── DATA UNDER STUDY ──

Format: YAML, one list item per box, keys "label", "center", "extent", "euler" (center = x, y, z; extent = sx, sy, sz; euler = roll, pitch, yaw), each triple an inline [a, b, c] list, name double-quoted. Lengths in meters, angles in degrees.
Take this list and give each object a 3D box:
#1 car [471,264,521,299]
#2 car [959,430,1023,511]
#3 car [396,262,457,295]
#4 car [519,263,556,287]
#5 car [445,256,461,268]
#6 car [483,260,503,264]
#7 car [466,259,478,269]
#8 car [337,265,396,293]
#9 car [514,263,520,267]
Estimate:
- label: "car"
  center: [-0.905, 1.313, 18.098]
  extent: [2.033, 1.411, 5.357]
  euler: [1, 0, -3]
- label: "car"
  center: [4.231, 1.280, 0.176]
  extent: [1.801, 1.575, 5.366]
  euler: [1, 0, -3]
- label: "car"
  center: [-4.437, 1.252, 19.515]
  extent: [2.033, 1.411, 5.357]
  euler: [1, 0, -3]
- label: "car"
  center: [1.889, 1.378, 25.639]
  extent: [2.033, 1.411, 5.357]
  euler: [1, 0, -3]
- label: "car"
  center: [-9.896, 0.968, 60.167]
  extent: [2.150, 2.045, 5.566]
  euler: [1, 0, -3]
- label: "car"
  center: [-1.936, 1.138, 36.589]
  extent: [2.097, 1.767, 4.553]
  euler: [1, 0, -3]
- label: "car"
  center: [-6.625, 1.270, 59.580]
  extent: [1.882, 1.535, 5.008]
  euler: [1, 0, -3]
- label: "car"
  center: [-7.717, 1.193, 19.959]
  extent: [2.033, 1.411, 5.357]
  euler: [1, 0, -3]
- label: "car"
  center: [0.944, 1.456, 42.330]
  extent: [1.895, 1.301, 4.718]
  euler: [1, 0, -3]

───
── DATA UNDER STUDY ──

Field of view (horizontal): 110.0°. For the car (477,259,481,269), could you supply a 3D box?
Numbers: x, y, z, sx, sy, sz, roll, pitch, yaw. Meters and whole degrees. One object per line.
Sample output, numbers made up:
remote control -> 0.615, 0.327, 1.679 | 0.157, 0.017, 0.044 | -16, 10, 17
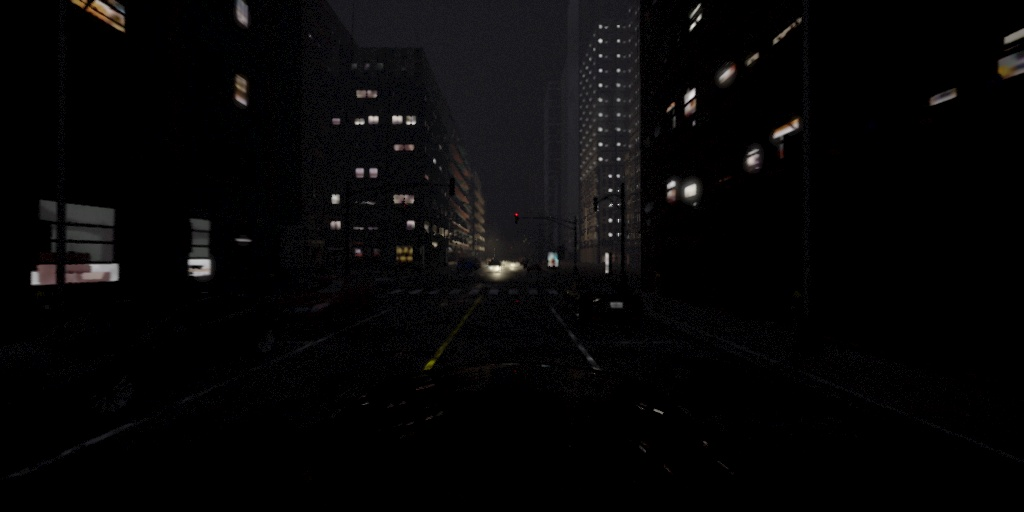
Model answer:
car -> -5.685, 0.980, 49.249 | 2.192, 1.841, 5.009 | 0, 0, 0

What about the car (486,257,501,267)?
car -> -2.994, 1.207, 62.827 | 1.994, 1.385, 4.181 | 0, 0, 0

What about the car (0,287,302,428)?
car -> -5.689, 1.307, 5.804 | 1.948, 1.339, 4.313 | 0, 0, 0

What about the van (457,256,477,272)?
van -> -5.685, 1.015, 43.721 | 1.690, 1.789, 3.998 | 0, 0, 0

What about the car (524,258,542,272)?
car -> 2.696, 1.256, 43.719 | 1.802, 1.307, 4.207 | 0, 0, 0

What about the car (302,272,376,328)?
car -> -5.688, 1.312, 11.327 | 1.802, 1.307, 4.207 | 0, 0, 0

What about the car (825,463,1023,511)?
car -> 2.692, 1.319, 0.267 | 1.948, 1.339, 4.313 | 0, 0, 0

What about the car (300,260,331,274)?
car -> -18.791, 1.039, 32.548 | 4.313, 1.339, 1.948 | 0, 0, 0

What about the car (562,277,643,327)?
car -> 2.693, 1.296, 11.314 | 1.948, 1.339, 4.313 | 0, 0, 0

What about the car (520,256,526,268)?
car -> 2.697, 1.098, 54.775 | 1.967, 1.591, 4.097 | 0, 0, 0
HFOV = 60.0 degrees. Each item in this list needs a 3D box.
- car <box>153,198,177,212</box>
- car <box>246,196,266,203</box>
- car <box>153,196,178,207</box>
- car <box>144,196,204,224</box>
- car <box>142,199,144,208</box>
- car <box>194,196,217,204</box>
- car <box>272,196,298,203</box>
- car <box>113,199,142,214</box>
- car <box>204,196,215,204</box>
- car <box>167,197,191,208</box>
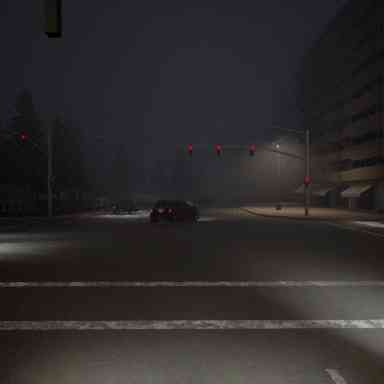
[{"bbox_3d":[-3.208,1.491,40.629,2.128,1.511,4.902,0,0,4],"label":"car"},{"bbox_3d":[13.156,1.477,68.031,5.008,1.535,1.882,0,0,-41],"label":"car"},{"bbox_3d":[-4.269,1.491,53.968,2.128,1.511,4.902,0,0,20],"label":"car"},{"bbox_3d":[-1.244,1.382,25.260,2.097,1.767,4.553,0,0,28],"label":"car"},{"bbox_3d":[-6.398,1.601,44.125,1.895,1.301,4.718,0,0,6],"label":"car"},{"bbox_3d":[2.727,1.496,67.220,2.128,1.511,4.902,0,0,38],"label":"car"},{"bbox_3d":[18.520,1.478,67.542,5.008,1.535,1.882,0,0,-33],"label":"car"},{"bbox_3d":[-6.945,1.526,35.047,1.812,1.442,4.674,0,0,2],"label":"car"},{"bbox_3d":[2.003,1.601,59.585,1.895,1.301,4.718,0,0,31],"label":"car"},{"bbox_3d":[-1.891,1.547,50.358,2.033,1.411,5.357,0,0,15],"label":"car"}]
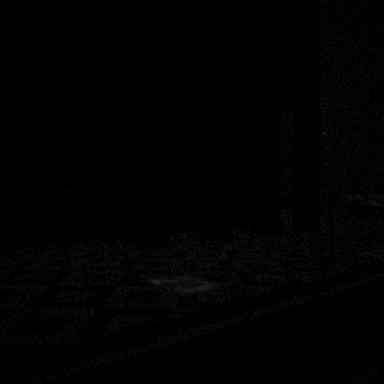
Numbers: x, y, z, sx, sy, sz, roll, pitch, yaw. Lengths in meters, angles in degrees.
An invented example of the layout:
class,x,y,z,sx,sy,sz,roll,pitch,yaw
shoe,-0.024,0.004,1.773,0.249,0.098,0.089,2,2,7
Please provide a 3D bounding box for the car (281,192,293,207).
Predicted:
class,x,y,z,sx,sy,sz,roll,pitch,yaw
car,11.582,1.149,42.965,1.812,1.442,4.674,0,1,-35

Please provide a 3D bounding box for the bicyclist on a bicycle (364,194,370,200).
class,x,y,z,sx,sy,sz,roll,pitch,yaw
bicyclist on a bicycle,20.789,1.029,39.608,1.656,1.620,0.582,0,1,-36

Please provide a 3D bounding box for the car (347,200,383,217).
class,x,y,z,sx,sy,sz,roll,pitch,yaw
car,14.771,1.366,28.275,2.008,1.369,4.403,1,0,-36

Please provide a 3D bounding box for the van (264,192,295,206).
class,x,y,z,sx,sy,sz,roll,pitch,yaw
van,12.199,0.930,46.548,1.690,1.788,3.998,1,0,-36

───

ABOUT THIS EXERCISE: The stretch of entries above that starts with the line containing "Format: YAML, one" and goes on through the line containing "#8 car [337,265,396,293]" is to be transcribed exactly, and no other line is to be transcribed.

TASK SOLUTION:
Format: YAML, one list item per box, keys "label", "center", "extent", "euler" (center = x, y, z; extent = sx, sy, sz; euler = roll, pitch, yaw), each triple an inline [a, b, c] list, name double-quoted. Lengths in meters, angles in degrees.
Take this list and give each object a 3D box:
#1 car [471,264,521,299]
#2 car [959,430,1023,511]
#3 car [396,262,457,295]
#4 car [519,263,556,287]
#5 car [445,256,461,268]
#6 car [483,260,503,264]
#7 car [466,259,478,269]
#8 car [337,265,396,293]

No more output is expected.